Batalov 2018-03-24 23:03

Use base 2, obviously

JeppeSN 2018-03-25 06:38

[QUOTE=JeppeSN;483297]Apparently I forgot your post. Sorry. I agree on exponent 2^11.

In the search for the next one, I find:

[CODE](157^(2^12)+83^(2^12))/2 is 3-PRP! (4.1038s+1.9638s)
(157^(2^12)+111^(2^12))/2 is 3-PRP! (4.0938s+3.3192s)
(161^(2^12)+157^(2^12))/2 is 3-PRP! (4.1053s+1.9778s)[/CODE]

/JeppeSN[/QUOTE]

For exponent 2^13, we have:

[CODE](107^(2^13)+69^(2^13))/2[/CODE]

/JeppeSN

Dr Sardonicus 2018-03-25 16:00

[QUOTE=JeppeSN;483302][B]EDIT[/B] The below numbers are not primes. PFGW picks an "unlucky" base:

[code](3^(2^13)+1^(2^13))/2 is 3-PRP! (0.6454s+0.4075s)[/CODE]

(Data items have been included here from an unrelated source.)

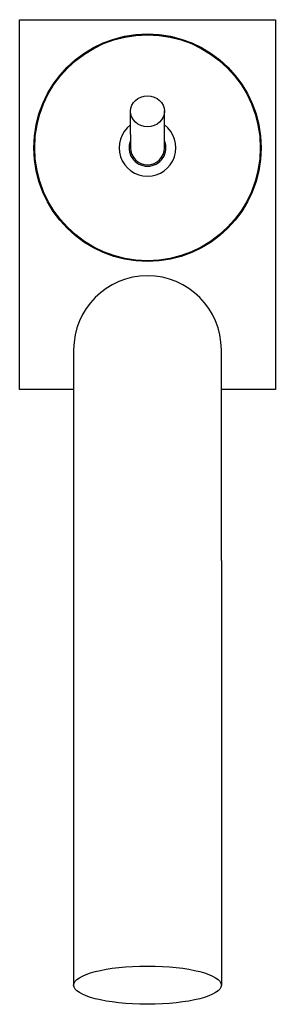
# Model space of a CAD drawing. Header units: millimetres. Extents: x -140.057 to -140.012, y 598.619 to 598.792.
import ezdxf

# ---------------------------------------------------------------- set-up
doc = ezdxf.new("R2010")
doc.units = ezdxf.units.MM
doc.layers.add('SANINDUSA', color=3, linetype='Continuous')

msp = doc.modelspace()

# ---------------------------------------------------------------- linework, layer by layer
at = {"layer": 'SANINDUSA'}
for p, q in [((-140.056947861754, 598.7920856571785), (-140.011947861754, 598.7920856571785)), ((-140.056947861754, 598.7270856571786), (-140.056947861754, 598.7920856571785)), ((-140.011947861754, 598.7920856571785), (-140.011947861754, 598.7270856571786)), ((-140.037447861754, 598.7719279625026), (-140.037447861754, 598.7759890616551)), ((-140.031447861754, 598.7719279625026), (-140.031447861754, 598.7759890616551)), ((-140.037447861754, 598.7719279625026), (-140.037447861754, 598.7695856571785)), ((-140.031447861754, 598.7695856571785), (-140.031447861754, 598.7719279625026)), ((-140.047447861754, 598.7340856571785), (-140.047447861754, 598.6970266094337)), ((-140.021447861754, 598.6970266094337), (-140.021447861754, 598.7340856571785)), ((-140.047447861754, 598.7270856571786), (-140.056947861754, 598.7270856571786)), ((-140.011947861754, 598.7270856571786), (-140.021447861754, 598.7270856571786)), ((-140.047447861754, 598.6970266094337), (-140.047447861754, 598.6224293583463)), ((-140.021447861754, 598.6970266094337), (-140.021447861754, 598.6224293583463))]:
    msp.add_line(p, q, dxfattribs=at)
for radius in [0.02, 0.01985]:
    msp.add_circle((-140.034447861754, 598.7695856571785), radius, dxfattribs=at)
for centre, radius, start, end in [((-140.034447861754, 598.7695856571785), 0.005, 126.8698976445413, 53.13010235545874), ((-140.034447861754, 598.7695856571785), 0.00325, 157.3801350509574, 270), ((-140.034447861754, 598.7695856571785), 0.00325, 270, 22.61986494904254), ((-140.034447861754, 598.7695856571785), 0.003, 180, 270), ((-140.034447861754, 598.7695856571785), 0.003, 270, 0), ((-140.034447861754, 598.7340856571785), 0.013, 0, 180)]:
    msp.add_arc(centre, radius, start, end, dxfattribs=at)
for centre, major_axis, ratio in [((-140.034447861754, 598.7759890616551), (0.003, -6.661338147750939e-19), 0.9063077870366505), ((-140.034447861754, 598.6224293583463), (-0.013, 5.101530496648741e-18), 0.2588190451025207)]:
    msp.add_ellipse(centre, major_axis=major_axis, ratio=ratio, dxfattribs=at)

doc.saveas('drawing.dxf')

[CODE](3^(2^14)+1^(2^14))/2 is 3-PRP! (2.8285s+1.3930s)[/CODE]

[CODE](9^(2^15)+1^(2^15))/2 is 3-PRP! (57.8865s+21.0036s)[/CODE]

[CODE](3^(2^16)+1^(2^16))/2 is 3-PRP! (57.7878s+24.4478s)[/CODE]
[/QUOTE]
Hardly surprising. We have

3^2 == 1 (mod 2^3). Therefore,

3^(2^k) == 1 (mod 2^(k+2)) for every positive integer k.

Now, let k be a positive integer, and N = (3^(2^k) + 1)/2. Then N - 1 = (3^(2^k) - 1)/2. By the above, we have

2^(k+1) divides N - 1, so

3^(2^(k+1)) - 1 divides 3^(N - 1) - 1. Since

3^(2^(k+1)) - 1 = (3^(2^k) - 1)*(3^(2^k) + 1), and (3^(2^k) + 1)/2 = N, we have

N divides 3^(N-1) - 1. That is, N = 3^(2^k) + 1 is a base-3 pseudoprime for every positive integer k.

I haven't checked the Rabin-Miller criterion in this case, though.

(The present instance is reminiscent of the fact that, if p is prime, 2^p - 1 is a base-2 pseudoprime, regardless of whether it's prime or composite.)